Famous French and Italian chefs run restaurants in large hotels, there are more expat-oriented bars and bistros, and there are other cafés and restaurants offering varying degrees of local food. Things to see in Marrakech also has a vibrant nightlife. We regretfully weren’t able to try everything we wanted due of the current circumstances. Due of the curfew, we ate dinner at 5 p.m. This is due to the fact that many businesses are closed and the time you have access to food is limited.
The Post’s The Big Café
One of the most beautiful and tasty locations I’ve ever been. You guessed it: It’s a historic French café that transports you to France. Foie gras, ham, baked camembert, and a lovely colonial setting with good service. This setting makes me think of Casablanca!
The Vino Bar 68
a wonderful wine bar in Guéliz on a street. There are many French smokers (it’s strange that smoking is permitted on some terraces but not in Moscow), a superb wine list, a dark, foreboding environment, and excellent French cuisine.
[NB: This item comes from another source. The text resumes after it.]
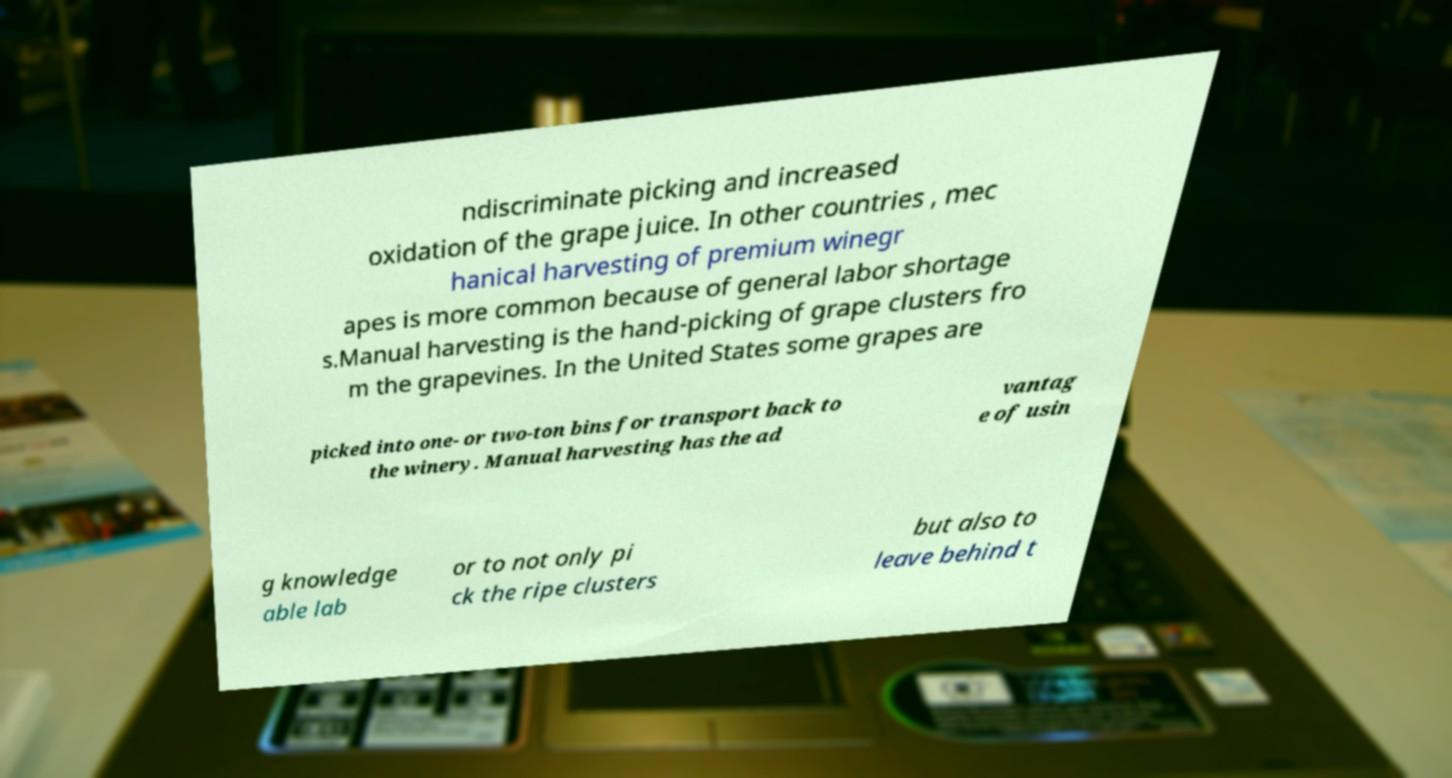There's text embedded in this image that I need extracted. Can you transcribe it verbatim? ndiscriminate picking and increased oxidation of the grape juice. In other countries , mec hanical harvesting of premium winegr apes is more common because of general labor shortage s.Manual harvesting is the hand-picking of grape clusters fro m the grapevines. In the United States some grapes are picked into one- or two-ton bins for transport back to the winery. Manual harvesting has the ad vantag e of usin g knowledge able lab or to not only pi ck the ripe clusters but also to leave behind t

We walked inside for an aperitif, and you should do the same.
a dash of cornichon
A great bistro, this time in another French locale. Modern French cuisine with a lot of originality, as well as a stunning environment. The scallops and beets were delicious.
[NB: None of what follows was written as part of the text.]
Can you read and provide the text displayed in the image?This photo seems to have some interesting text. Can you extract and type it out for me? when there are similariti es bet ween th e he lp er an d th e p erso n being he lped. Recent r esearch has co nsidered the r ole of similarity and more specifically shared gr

Le Jardin D’Hiver in the Palais Ronsard
The Palais Ronsard, a Relaix&Chateau member, is a lovely boutique hotel that is yet usually outdone by institutions like Royal Mansour, La Mamounia, or Amanjena. It is a palace hotel with attractive, enticing colonial decor located in Palmeraie, Morocco’s most aristocratic and isolated region of Things to see in Marrakech. Le Jardin D’Hiver was one of the restaurants and bars functioning when we were there, and it was entirely vacant. Even though the chef’s compliment—something about mozzarella—was completely wrong, we still had a good time. There are two menus: French and Moroccan, with the latter appearing to be the chef’s forte.
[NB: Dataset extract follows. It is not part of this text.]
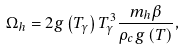<formula> <loc_0><loc_0><loc_500><loc_500>\Omega _ { h } = 2 g \left ( T _ { \gamma } \right ) T _ { \gamma } ^ { 3 } \frac { m _ { h } \beta } { \rho _ { c } g \left ( T \right ) } ,</formula>

Restaurant Jean-Georges L’Italien at Hotel La Mamounia
Even just for a cup of coffee (there is a pastry shop and tea parlor by chocolatier Pierre Hermès), to enjoy the bar, which was renovated by designer Jacques Garcia, to admire the lovely interiors, and to wander the lobby and corridors, which honor Churchill’s steps, the Hotel La Mamounia is worth a visit. The hotel’s only dining option is an Italian restaurant led by chef Jean-Georges Vongerichten. It’s in a huge room with fully operable windows that look out into the garden and swimming pool. Despite the fact that the restaurant is more of a dining facility, we appreciated the food—pizza, pasta, and everything else. But everything is done to the highest possible standard.
Another Italian restaurant, this time for its decor rather than its food. We were fortunate to be allowed to enter it, even if it was by accident. The Royal Mansour’s Alaimo Brothers restaurant was closed, but Kovid fell during Ramadan, and the concierges of two expensive hotels, ours and the Royal Mansour, confirmed our reservations. Finally, the concierge at the Royal Mansour recommended an Italian restaurant in Guélise. The champagne helped with the sour mood a little, and while the food was generally good, it wasn’t particularly remarkable due to the confusion and need to eat quickly (hello, curfew). But! I adore people-watching, and the restaurant was full with locals (it was before Ramadan). Second, I found it pretty fascinating to look at the interiors, which were constructed by Bill Willis, a design legend from Morocco. My heart was warmed by the Uzbek suzane on the walls (along with the champagne, of course).
Royal Mansour Hotel
We spent an hour admiring the interior of the Alaimo Brothers restaurant while waiting in the lobby for a reservation and a car, even though we never made it there. Even though I thought it was beautiful, I had no idea how much art and design had gone into it. This is the fault of both the hotel and Marrakech in general.